There's an old saying, based not on the Bon Jovi song (which has been on a continuous loop in my head, since I started this entry, btw); rather, on some book way older that someone wrote some time ago (back in the 40's?), with the title, You Can't Go Home Again—and I don't remember who or what or when right now, and please don't ask me to look it up right now, 'cause this blog entry ain't gonna finish itself if I keep get sidetracked again, okay?! The super-simplified point of it is, you can't recreate your past. There's definitely some truth to that, but, it's not always a bad thing . . .

So, I went down to my hometown of Mt. Lake, in southern MN, on Monday and Tuesday for Pow Wow, the town's summer celebration (yeah, and don't even ask me why it's always held on Monday and Tuesday, when most people with real jobs have to work, or why it's called Pow Wow, when there isn't one freakin' mention of indigenous cultures at any point in the celebration. Because No. One. Living. On. Earth. Knows. Or. Ever. Knew. The. Answer. To Either. Question. Now, if I were mayor of Mt. Lake—which I'm not and never will be, so this is kind of a moot point, but this whole blog is kind of a moot point, so I'm just keeping with a theme here—you can bet Pow Wow wouldn't be on Monday and Tuesday, nor would it be called Pow Wow. ANYHOOOOODLES (honestly, can someone score me a month's worth of Ritalin, just to see if it'd help???), it's a long, complicated and super-boring story as to why I ended up in Mt. Lake this week, as it's been several years since I've been back, and I wasn't planning on going, and didn't even decide to go until the morning I took off, but let's just say this: I discovered that I can go back "home," even though home isn't much of what I remember, it felt for the first time in probably ever, at once deeply sad and immensely comforting. I went without any expectations, demands, or judgment—no other baggage except the eight pairs of shoes, three sundresses, four pairs of jeans, twelve pairs of underwear and sixteen shirts I packed for the two-day excursion . . . oh, and my dog. And still forgot my toothbrush.

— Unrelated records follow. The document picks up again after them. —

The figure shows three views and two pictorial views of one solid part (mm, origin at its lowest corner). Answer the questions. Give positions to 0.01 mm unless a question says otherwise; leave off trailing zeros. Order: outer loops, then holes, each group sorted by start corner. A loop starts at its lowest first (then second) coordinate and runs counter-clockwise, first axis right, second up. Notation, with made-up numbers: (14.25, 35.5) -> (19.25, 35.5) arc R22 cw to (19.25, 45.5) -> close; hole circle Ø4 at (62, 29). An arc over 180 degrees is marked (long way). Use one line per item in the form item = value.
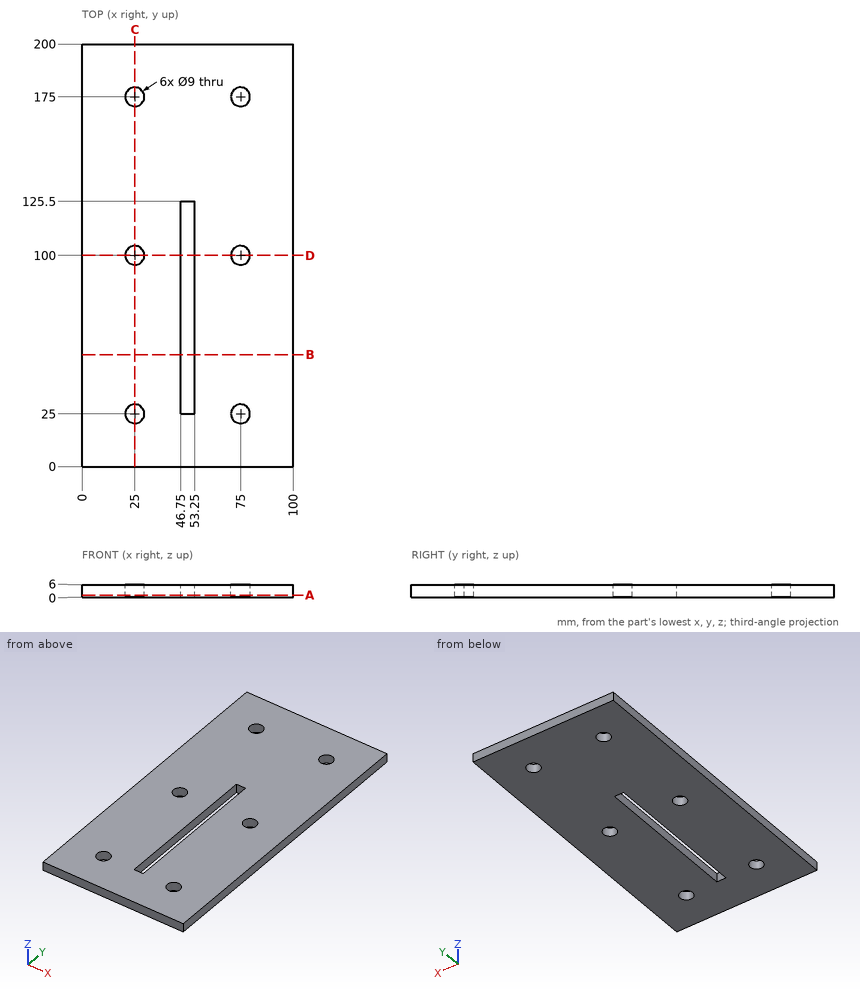
Item 1: The part is cut by section A-A on z = 1. Give the vertices of the cut face in (x, y), and give its area (3 significant figures).
Checks:
outline = (0, 0) -> (100, 0) -> (100, 200) -> (0, 200) -> close; hole circle Ø9 at (25, 25); hole circle Ø9 at (25, 100); hole circle Ø9 at (25, 175); hole (46.75, 25) -> (53.25, 25) -> (53.25, 125.5) -> (46.75, 125.5) -> close; hole circle Ø9 at (75, 25); hole circle Ø9 at (75, 100); hole circle Ø9 at (75, 175)
area = 19,000 mm²
Item 2: Given pin 1 Ø5.5 at (x, y) = (25, 25) entering from +Z, flat-ended and moving along its own axis, determine where the tip first touches the part or whether it passes through.
Checks:
pin_1 = through
Item 3: Straight lines are drawn through the part: L1, parallel to Y at x = 75, z = 2.1; L2, parallel to X at y = 100, z = 2; L3, parallel to X at y = 50.5, z = 3.2. For each, find the intervals that lie inside material, in ascending order. Write a range as from..to.
Checks:
L1 = 0..20.5, 29.5..95.5, 104.5..170.5, 179.5..200
L2 = 0..20.5, 29.5..46.75, 53.25..70.5, 79.5..100
L3 = 0..46.75, 53.25..100
Item 4: The part is cut by section C-C on x = 25. Give the vertices of the cut face in (y, z), and give its area (3 significant figures).
Checks:
outline = (0, 0) -> (20.5, 0) -> (20.5, 6) -> (0, 6) -> close; (29.5, 0) -> (95.5, 0) -> (95.5, 6) -> (29.5, 6) -> close; (104.5, 0) -> (170.5, 0) -> (170.5, 6) -> (104.5, 6) -> close; (179.5, 0) -> (200, 0) -> (200, 6) -> (179.5, 6) -> close
area = 1,040 mm²
Item 5: The part is cut by section B-B on y = 53. Give the vertices of the cut face in (x, z), and give its area (3 significant figures).
Checks:
outline = (0, 0) -> (46.75, 0) -> (46.75, 6) -> (0, 6) -> close; (53.25, 0) -> (100, 0) -> (100, 6) -> (53.25, 6) -> close
area = 561 mm²
Item 6: The part is cut by section D-D on y = 100. Give the vertices of the cut face in (x, z), and give its area (3 significant figures).
Checks:
outline = (0, 0) -> (20.5, 0) -> (20.5, 6) -> (0, 6) -> close; (29.5, 0) -> (46.75, 0) -> (46.75, 6) -> (29.5, 6) -> close; (53.25, 0) -> (70.5, 0) -> (70.5, 6) -> (53.25, 6) -> close; (79.5, 0) -> (100, 0) -> (100, 6) -> (79.5, 6) -> close
area = 453 mm²

Let's back up a bit . . . my sister, Jill, hadn't been back to PowWow in something like 14 years and suddenly, as though by a decree form God him/her/itself, decided she just had to take her kids to Pow Wow, just for the day, "for the experience," even though it's a two and a half hour drive to and two and a half hours from "the experience," even though she's teaching a summer class and is up to her armpits in work, even though I have taken Amelia at least once in her six years here on earth but she doesn't remember anything other than that Auntie Jenny had to stop every five steps to talk to someone which seriously cut into her merry-go-round ride time, even though Otto is still too young to give a rip about parades and merry-go-rounds and cotton candy, even though Amelia is involved in 18 summer activities back home, all of which started on Tuesday, at 8 a.m.—man, if I think I need Ritalin, my sister could use a constant IV drip . . . In spite of all that, Jill hounded me relentlessly, until I think I just had a lapse of sanity (okay, not true—my sanity has been lapsed for a good two years now. . .). I simply succumbed to her interminable prodding. Sometimes, with Jill, it's easier on everyone that way . . . that, and I hadn't seen Amelia and Otto for a good long while, and was a little bit desperate for kiddie face-time . . .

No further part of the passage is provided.